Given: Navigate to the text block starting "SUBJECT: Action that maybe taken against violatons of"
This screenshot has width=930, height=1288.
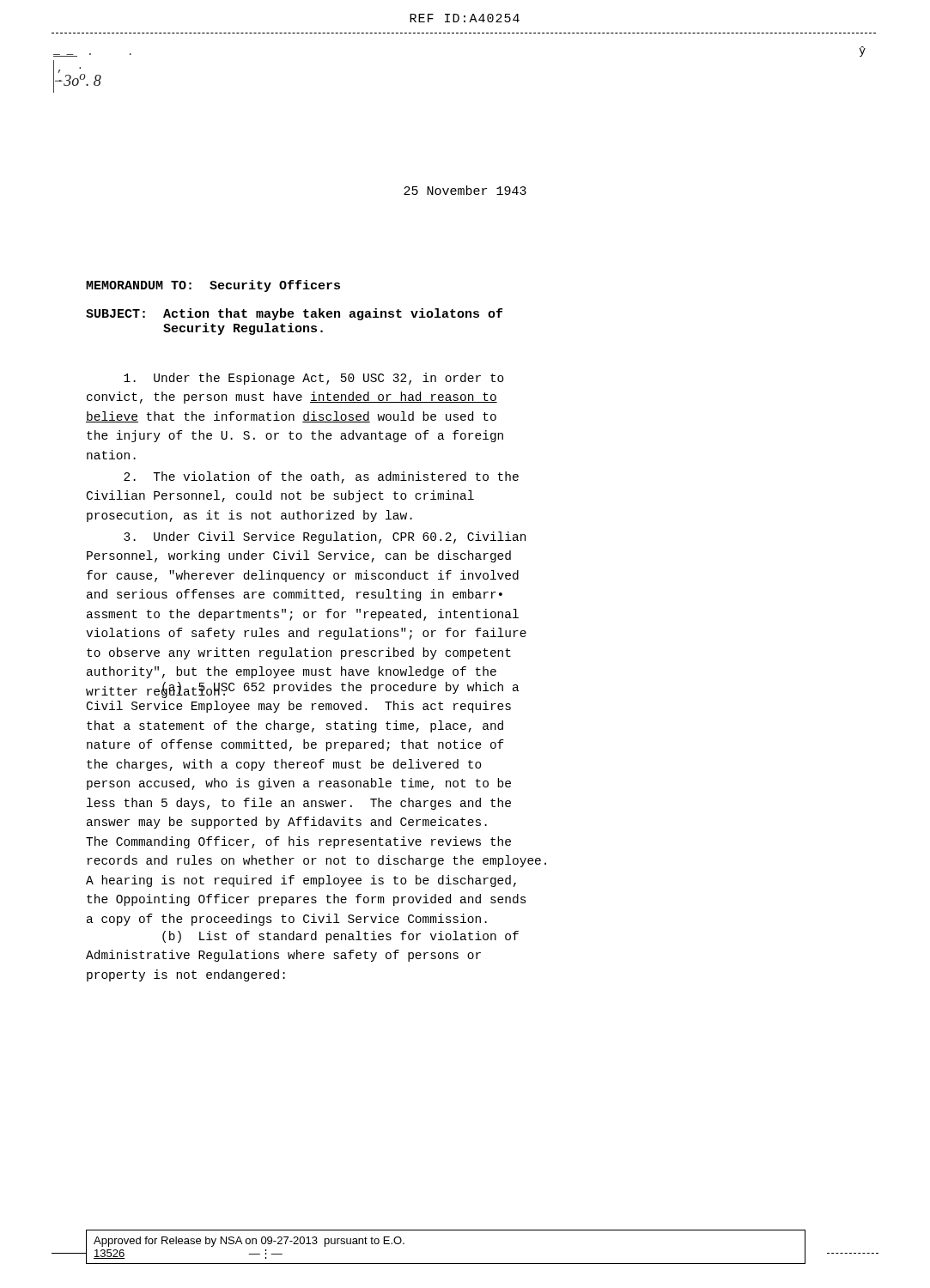Looking at the screenshot, I should [295, 322].
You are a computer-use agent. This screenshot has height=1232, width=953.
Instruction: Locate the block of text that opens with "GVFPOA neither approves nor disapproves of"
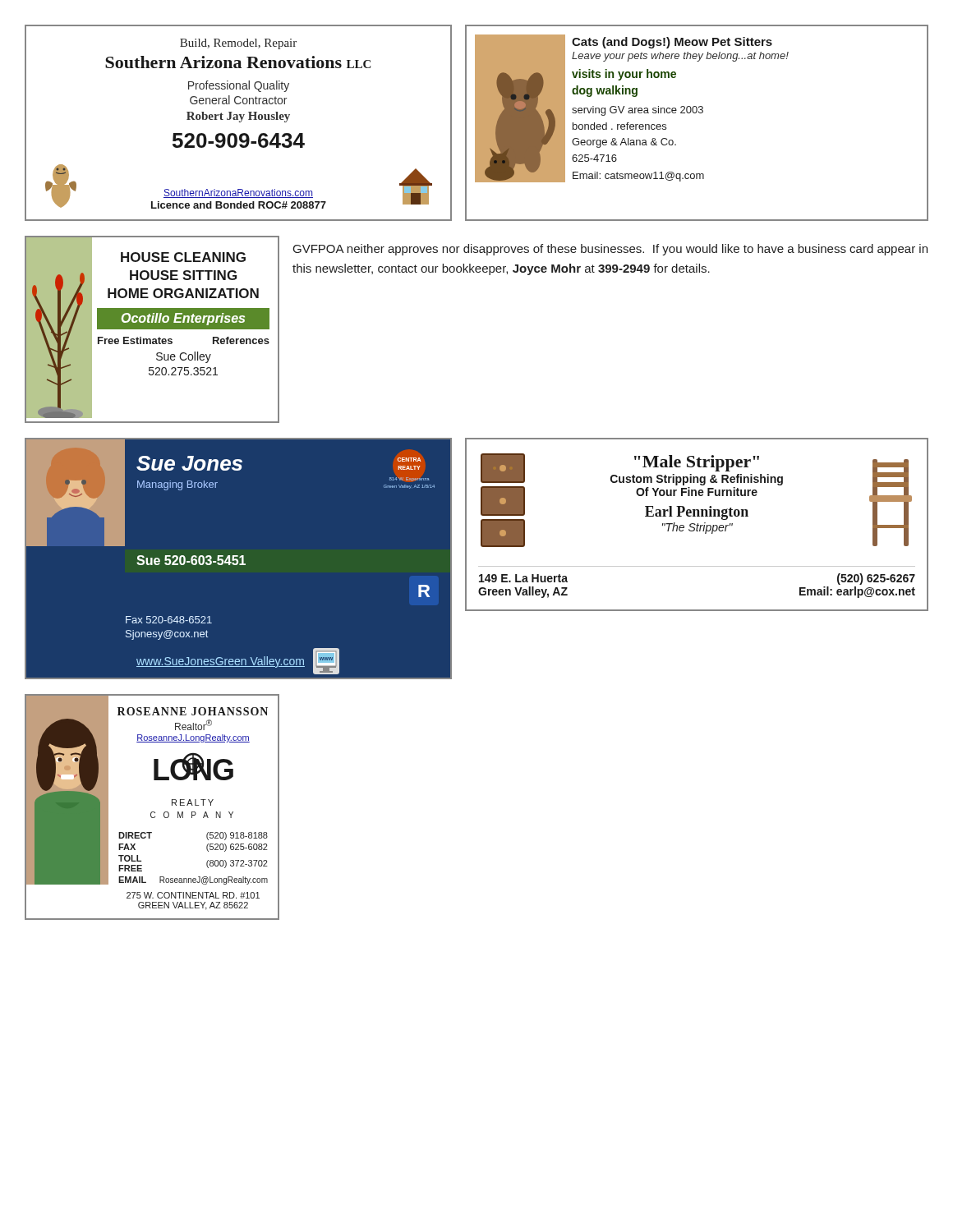610,258
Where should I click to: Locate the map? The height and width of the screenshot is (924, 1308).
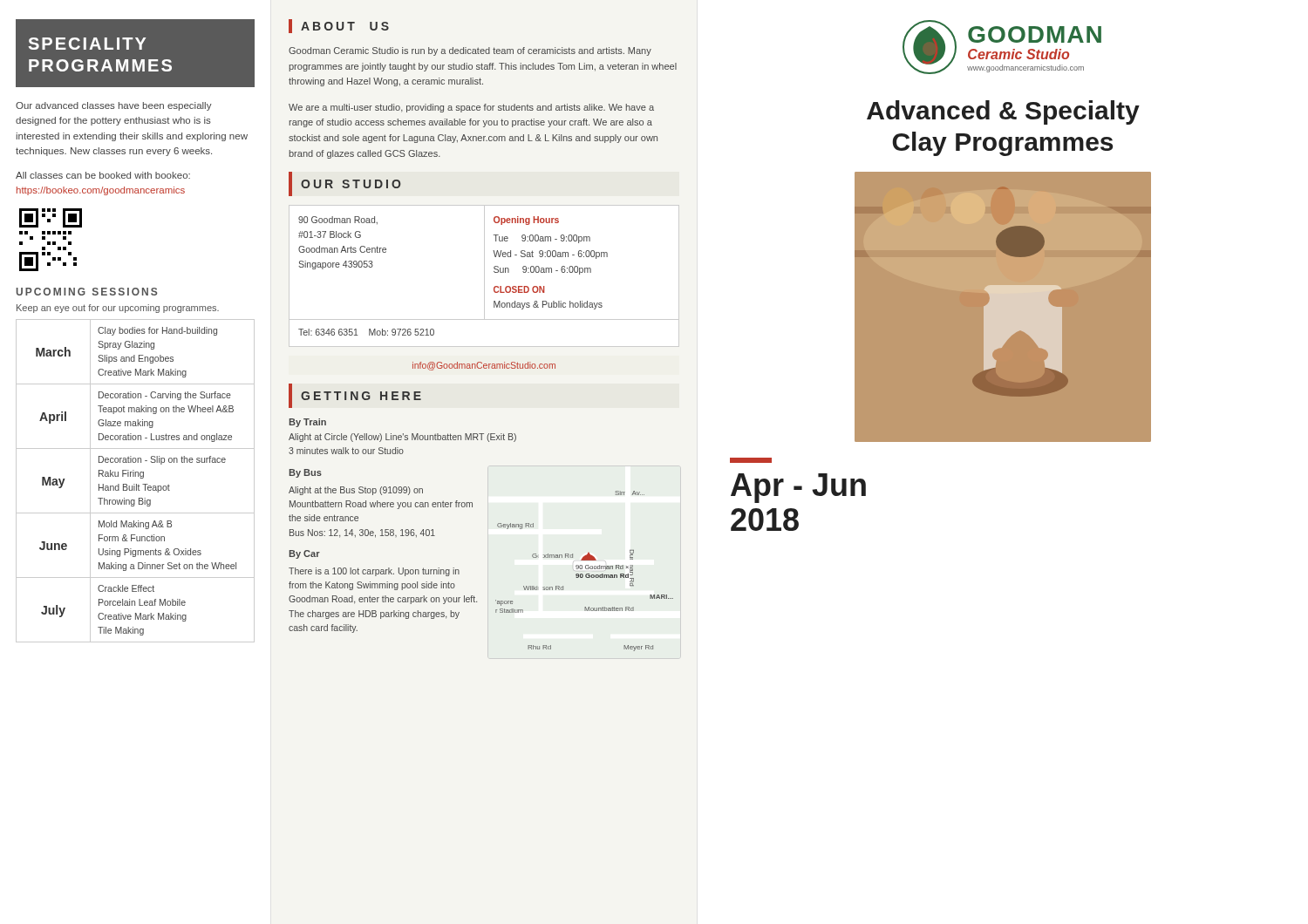pyautogui.click(x=583, y=561)
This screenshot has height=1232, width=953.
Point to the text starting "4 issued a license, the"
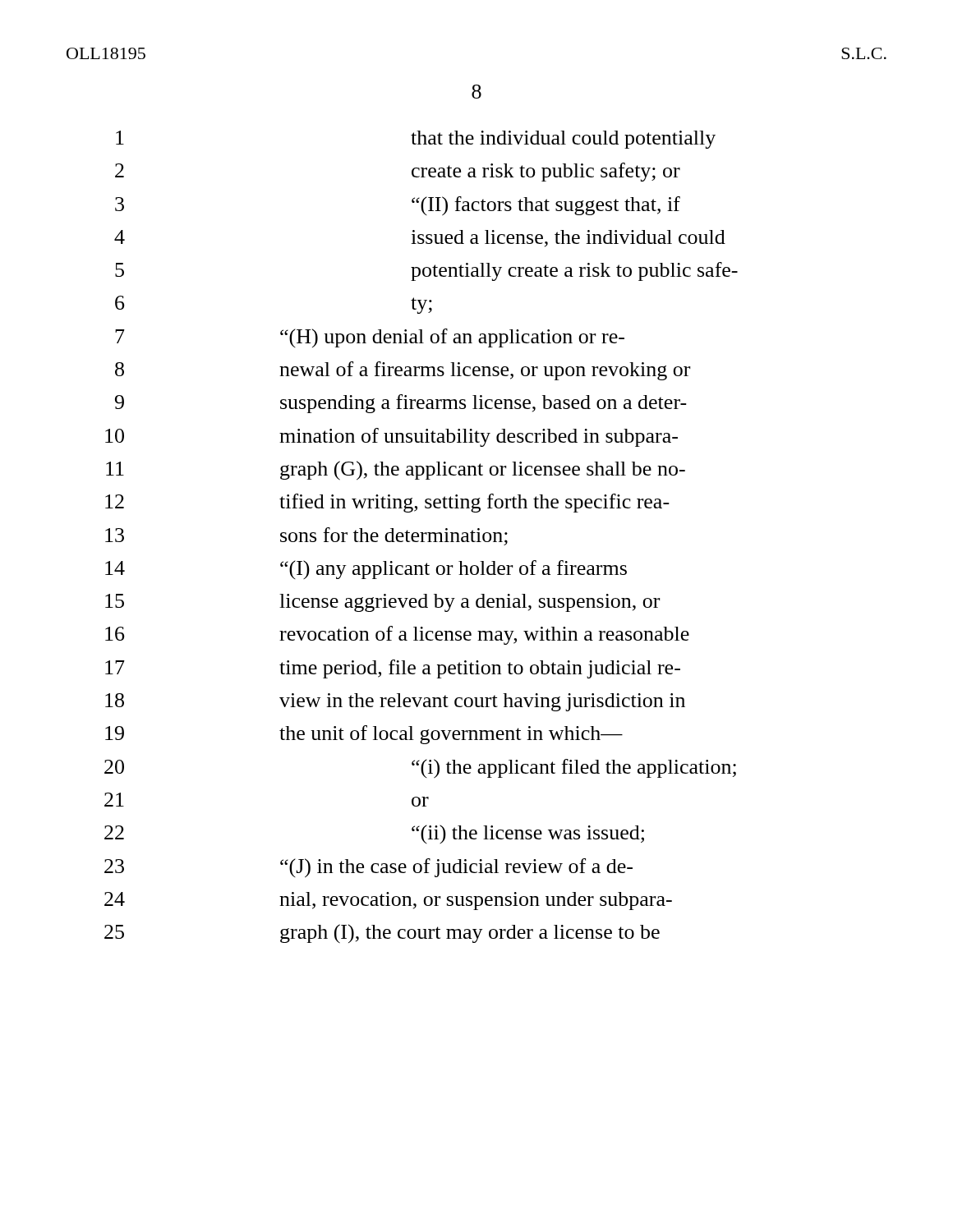click(476, 237)
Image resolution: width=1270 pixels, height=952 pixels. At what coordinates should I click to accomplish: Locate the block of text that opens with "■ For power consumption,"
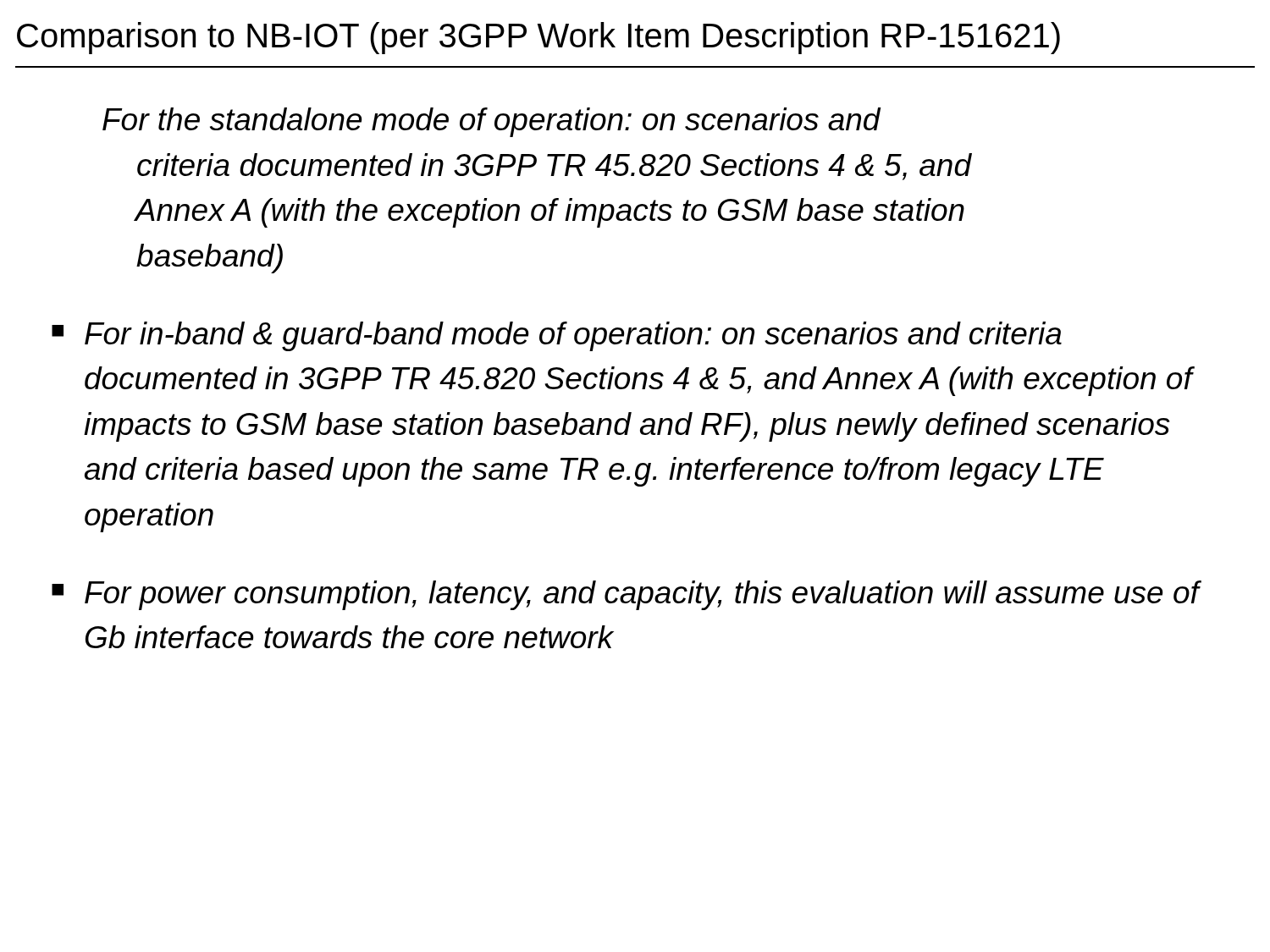[635, 616]
----
Task to complete
Nothing but the lines from the line containing "Image resolution: width=1270" through the end of the records belongs in the answer, written out exactly, both ends included, without pictures.

Exercise answer
Image resolution: width=1270 pixels, height=952 pixels. At what coordinates should I click to accomplish: Locate the block of text that opens with "■ For power consumption,"
[635, 616]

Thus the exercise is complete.